For anyone in Möser searching for CJC-1295, the first thing to know is that this compound is available only through an online research supply market. The core insight for Möser researchers: sourcing CJC-1295 depends entirely on vendor quality evaluation, not geography — and the framework for evaluating that quality is universal across all locations. Separating genuine research-grade CJC-1295 from the rest of the market requires three things: an HPLC chromatogram confirming ≥98% purity, mass spec data establishing the correct molecular weight, and a batch-specific endotoxin panel. Use this guide to verify vendor quality systematically — the standards covered in this guide apply whether you are in Möser or anywhere else.

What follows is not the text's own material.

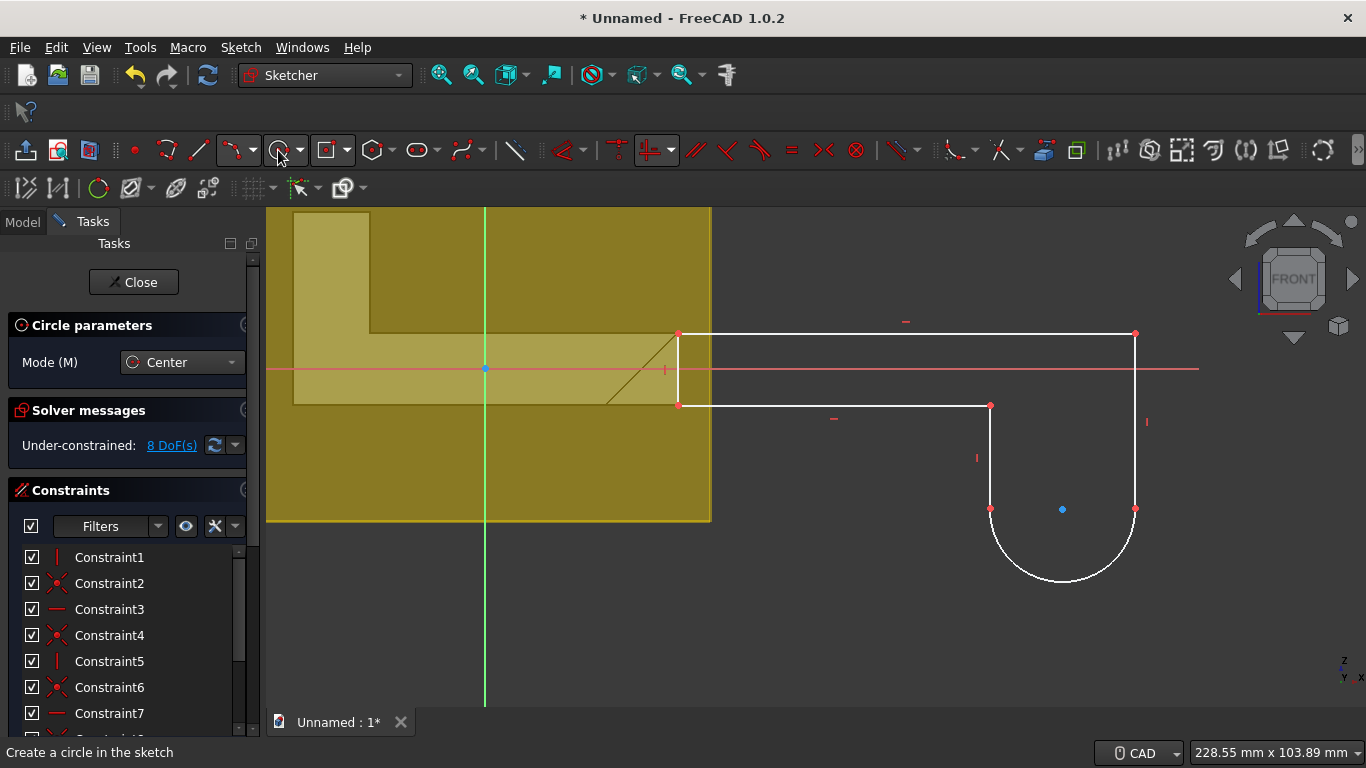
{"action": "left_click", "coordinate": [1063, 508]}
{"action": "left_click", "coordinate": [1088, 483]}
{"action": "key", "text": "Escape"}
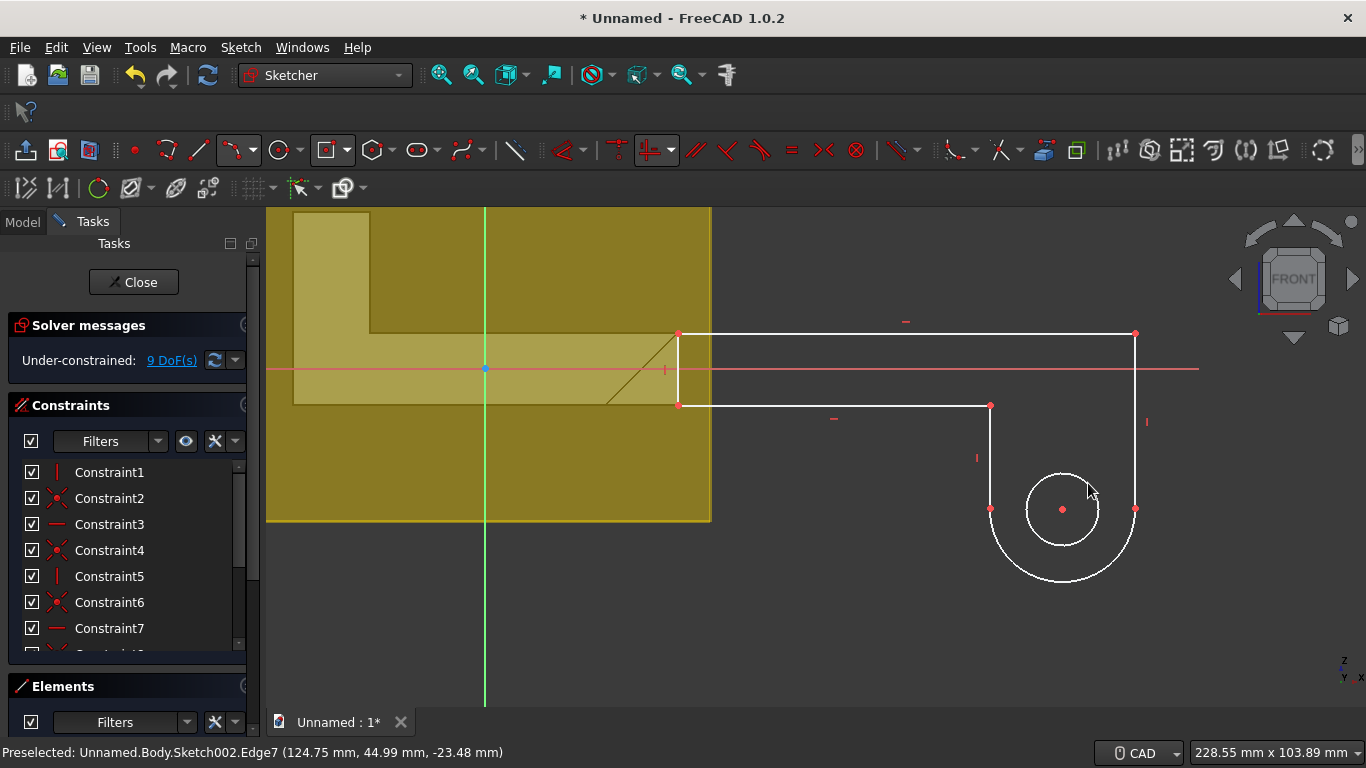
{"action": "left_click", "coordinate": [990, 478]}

Understanding CJC-1295 — Biology & Evidence
CJC-1295 belongs to the growth hormone secretagogue (GHS) class, compounds that stimulate pulsatile growth hormone release by acting on the ghrelin receptor (GHSR-1a) or growth hormone releasing hormone (GHRH) receptor. Ipamorelin, GHRP-2, GHRP-6, and Hexarelin all work primarily through GHSR-1a agonism, producing GH pulses with varying specificity profiles. CJC-1295 and Sermorelin work through the GHRH receptor, mimicking the natural hypothalamic signal for GH release. The downstream effect in both cases is increased pulsatile GH secretion and subsequent IGF-1 production in the liver. For researchers in Möser studying the GH-IGF-1 axis, this mechanistic clarity makes the GHS class a productive experimental tool.
Buying CJC-1295: Quality Markers to Look For
The most consistent path to quality CJC-1295 is engaging research communities before vendor sites — peptide forums track vendor quality over time that are more accurate than commercial vendor claims. Mass spectrometry in the COA confirms that the main HPLC peak is actually CJC-1295 and not a different peptide of similar polarity — HPLC purity alone cannot verify molecular identity. Negative indicators in CJC-1295 vendor evaluation: prices far under typical market pricing, vague sourcing information, no community presence, and COAs that lack endotoxin data. Price is an unreliable primary filter for CJC-1295 quality — research-grade synthesis and testing has real costs that do not compress without quality compromise, so the lowest-priced options almost always involve trade-offs.
Order CJC-1295 — ships to Möser
COA-verified · International tracking · Research grade
Research compound status for CJC-1295 means safety data comes from animal studies, in-vitro work, and limited human observations — rather than the controlled trials that generate pharmaceutical safety profiles. Reconstitute CJC-1295 with bacteriostatic water at the concentration suited to your research design; a standard 5mg reconstituted in 2mL produces 2.5mg/mL — or 25mcg per insulin syringe unit. Endotoxin testing in the CJC-1295 COA is absolutely required — gram-negative bacterial endotoxins can trigger serious inflammatory reactions at very low concentrations, and no pricing advantage justifies skipping this verification. PubMed and bioRxiv represent the most comprehensive research databases for CJC-1295 research; prioritise peer-reviewed studies with characterised source material over case reports or anecdotal evidence.
Frequently Asked Questions
What purity is required for CJC-1295 research?
CJC-1295 should be ≥98% pure by HPLC. The larger molecular weight of CJC-1295 with DAC (approximately 3647 Da) makes mass spectrometry confirmation particularly important, as impurities may not be obvious on HPLC alone.
What is the difference between CJC-1295 with DAC and without DAC?
CJC-1295 with DAC uses a lysine-maleimide conjugate to bind covalently to albumin in the bloodstream, extending half-life to ~6-8 days and creating sustained GH elevation. CJC-1295 without DAC (also called Mod GRF 1-29) has a half-life of ~30 minutes and produces acute GH pulses. They produce different GH secretion patterns and have different applications in research.
What is CJC-1295?
CJC-1295 is a synthetic GHRH (Growth Hormone Releasing Hormone) analogue. The version with DAC (Drug Affinity Complex) has an extended half-life of approximately 6-8 days due to albumin binding. Without DAC, CJC-1295 has a much shorter half-life similar to native GHRH. Both versions stimulate pulsatile GH release via the GHRH receptor.